Records from a data collection

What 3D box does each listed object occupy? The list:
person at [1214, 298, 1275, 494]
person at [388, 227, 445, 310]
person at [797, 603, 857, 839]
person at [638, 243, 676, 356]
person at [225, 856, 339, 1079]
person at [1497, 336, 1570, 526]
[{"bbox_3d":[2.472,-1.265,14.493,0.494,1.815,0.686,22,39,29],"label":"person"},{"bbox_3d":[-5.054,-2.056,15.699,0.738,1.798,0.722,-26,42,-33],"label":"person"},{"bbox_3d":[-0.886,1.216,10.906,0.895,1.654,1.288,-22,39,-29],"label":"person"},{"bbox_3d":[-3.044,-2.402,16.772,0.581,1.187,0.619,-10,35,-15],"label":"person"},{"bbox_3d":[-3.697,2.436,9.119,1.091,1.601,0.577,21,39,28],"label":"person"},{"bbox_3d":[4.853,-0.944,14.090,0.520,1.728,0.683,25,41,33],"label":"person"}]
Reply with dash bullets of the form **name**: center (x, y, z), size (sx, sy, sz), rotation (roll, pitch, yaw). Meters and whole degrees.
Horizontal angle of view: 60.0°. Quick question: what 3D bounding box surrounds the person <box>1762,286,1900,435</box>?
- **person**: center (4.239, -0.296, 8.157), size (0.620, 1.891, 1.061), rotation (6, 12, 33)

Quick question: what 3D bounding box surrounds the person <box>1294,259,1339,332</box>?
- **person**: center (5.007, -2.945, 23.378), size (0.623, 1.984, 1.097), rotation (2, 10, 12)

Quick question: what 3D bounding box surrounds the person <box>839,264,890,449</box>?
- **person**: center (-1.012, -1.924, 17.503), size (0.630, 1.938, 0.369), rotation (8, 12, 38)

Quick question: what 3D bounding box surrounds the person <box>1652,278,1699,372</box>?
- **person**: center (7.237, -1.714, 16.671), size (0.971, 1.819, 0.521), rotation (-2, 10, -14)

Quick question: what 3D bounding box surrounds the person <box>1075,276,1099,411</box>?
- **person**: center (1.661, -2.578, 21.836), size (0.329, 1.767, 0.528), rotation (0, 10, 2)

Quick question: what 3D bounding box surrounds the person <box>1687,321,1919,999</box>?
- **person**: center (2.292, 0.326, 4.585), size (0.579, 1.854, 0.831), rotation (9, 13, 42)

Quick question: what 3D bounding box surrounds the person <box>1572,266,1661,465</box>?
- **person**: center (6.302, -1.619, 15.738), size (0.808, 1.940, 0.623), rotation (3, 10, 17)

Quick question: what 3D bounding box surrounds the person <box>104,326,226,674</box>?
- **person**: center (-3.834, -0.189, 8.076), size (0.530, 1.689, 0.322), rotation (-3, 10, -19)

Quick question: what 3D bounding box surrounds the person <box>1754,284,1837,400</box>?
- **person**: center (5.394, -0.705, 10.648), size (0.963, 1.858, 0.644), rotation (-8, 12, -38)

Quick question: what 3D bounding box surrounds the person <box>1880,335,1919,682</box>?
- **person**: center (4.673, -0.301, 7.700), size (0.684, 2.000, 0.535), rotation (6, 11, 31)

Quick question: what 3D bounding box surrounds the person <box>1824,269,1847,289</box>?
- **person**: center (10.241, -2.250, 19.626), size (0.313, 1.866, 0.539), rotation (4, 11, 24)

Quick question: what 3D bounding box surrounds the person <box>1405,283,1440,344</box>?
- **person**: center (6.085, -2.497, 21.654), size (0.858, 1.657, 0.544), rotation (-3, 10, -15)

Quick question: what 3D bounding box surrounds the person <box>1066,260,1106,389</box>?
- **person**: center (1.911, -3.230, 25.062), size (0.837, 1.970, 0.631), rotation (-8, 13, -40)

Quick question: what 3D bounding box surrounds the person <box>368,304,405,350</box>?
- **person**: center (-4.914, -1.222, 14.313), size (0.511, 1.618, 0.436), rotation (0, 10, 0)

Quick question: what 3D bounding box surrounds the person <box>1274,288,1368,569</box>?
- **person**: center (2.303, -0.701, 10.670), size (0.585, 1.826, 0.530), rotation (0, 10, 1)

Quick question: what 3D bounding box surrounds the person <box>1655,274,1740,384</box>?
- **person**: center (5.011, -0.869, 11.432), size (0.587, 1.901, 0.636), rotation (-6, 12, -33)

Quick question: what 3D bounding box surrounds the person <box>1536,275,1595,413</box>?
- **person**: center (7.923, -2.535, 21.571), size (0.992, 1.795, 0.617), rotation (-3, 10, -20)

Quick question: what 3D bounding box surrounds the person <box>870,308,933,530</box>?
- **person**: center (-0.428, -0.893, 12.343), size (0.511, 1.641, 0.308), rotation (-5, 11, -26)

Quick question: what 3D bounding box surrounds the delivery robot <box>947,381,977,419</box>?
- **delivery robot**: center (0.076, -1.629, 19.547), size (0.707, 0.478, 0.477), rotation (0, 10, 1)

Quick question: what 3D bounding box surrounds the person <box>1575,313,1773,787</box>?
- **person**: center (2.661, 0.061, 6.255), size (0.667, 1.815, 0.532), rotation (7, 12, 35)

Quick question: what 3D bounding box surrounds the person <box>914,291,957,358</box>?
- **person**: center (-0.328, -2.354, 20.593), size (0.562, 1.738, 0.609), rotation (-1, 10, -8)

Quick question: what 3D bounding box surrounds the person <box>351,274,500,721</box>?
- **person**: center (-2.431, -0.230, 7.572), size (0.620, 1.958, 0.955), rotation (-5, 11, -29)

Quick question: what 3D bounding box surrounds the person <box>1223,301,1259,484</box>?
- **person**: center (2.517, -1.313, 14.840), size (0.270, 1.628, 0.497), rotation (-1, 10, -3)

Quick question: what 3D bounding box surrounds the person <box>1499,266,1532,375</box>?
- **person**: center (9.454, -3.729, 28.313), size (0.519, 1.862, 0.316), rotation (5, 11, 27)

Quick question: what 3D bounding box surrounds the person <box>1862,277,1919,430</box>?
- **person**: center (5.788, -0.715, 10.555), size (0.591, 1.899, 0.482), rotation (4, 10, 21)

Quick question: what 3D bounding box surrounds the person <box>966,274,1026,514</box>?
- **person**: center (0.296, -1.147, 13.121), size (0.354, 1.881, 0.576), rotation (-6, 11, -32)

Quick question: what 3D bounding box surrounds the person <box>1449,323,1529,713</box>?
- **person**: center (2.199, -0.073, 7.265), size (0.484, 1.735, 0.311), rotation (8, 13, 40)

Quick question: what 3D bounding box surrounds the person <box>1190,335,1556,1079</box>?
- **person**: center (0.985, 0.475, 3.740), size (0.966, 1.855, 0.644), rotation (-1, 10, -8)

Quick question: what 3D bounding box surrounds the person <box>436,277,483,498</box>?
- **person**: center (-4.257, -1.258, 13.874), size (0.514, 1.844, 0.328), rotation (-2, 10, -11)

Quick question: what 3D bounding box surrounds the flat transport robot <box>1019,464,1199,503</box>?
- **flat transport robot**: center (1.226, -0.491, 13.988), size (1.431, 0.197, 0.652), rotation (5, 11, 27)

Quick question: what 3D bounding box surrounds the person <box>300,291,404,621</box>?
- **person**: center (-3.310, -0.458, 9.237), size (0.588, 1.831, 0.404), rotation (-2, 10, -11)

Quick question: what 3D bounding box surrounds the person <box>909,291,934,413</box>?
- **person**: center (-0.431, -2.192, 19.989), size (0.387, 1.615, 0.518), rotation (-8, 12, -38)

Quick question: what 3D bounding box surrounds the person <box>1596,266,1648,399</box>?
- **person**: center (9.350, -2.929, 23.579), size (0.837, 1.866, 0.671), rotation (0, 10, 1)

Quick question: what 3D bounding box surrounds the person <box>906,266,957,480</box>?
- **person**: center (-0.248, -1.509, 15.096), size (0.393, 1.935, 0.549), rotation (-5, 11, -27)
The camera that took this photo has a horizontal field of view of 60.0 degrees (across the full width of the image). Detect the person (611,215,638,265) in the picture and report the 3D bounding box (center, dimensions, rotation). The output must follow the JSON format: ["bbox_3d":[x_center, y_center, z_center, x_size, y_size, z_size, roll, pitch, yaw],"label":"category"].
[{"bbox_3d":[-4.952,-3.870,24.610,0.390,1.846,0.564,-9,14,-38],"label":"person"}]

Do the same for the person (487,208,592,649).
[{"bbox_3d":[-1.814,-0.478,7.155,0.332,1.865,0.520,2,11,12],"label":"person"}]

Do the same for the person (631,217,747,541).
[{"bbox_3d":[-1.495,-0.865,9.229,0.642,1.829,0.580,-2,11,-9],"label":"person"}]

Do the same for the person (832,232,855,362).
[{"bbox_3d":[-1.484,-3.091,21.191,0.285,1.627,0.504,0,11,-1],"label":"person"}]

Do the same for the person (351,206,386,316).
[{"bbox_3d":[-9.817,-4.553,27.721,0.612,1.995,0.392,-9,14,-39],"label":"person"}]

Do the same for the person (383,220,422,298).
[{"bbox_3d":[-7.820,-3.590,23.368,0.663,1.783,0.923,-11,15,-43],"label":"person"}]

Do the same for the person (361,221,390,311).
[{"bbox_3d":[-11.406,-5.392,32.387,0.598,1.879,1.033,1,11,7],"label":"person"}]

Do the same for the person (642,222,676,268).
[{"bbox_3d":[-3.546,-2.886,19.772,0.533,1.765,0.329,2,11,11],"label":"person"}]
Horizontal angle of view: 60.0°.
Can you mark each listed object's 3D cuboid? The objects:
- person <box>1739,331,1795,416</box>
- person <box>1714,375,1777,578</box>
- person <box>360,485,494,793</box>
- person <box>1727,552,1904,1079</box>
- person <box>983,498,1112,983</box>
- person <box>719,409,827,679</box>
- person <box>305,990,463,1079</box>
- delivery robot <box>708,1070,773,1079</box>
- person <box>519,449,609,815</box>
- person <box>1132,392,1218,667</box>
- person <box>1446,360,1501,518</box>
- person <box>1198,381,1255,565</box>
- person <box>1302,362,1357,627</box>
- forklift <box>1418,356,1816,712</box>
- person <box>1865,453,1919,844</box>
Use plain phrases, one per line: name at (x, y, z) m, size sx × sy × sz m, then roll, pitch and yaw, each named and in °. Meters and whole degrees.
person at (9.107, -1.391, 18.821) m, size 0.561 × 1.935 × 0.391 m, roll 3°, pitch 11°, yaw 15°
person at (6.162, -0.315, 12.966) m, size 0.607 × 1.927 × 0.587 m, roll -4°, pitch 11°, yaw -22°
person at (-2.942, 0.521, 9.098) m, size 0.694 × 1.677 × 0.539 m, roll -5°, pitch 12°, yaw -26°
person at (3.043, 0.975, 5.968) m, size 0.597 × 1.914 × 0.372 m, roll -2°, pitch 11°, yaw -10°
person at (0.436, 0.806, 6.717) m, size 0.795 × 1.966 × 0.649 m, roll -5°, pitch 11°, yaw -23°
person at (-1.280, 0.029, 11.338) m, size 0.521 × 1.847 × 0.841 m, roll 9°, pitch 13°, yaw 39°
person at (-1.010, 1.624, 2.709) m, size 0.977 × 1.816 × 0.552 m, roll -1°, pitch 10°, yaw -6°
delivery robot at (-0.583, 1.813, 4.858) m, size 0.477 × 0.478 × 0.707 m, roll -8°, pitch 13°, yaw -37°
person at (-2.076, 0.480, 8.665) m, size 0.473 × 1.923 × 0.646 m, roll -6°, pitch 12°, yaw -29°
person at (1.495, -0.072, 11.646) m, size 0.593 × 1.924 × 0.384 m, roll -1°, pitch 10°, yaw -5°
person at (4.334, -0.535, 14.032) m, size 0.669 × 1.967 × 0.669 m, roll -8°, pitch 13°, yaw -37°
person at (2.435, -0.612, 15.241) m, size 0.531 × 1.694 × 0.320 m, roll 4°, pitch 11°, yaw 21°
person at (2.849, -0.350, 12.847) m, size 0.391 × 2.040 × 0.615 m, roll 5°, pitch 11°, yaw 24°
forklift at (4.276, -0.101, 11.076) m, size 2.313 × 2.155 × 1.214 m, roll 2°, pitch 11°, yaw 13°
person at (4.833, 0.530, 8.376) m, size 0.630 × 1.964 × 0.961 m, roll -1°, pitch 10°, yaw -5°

Task instructions: In the entries above, find each line with the word "listed" and show it.

Solution below:
What 3D box does each listed object occupy? The list:
Can you mark each listed object's 3D cuboid? The objects:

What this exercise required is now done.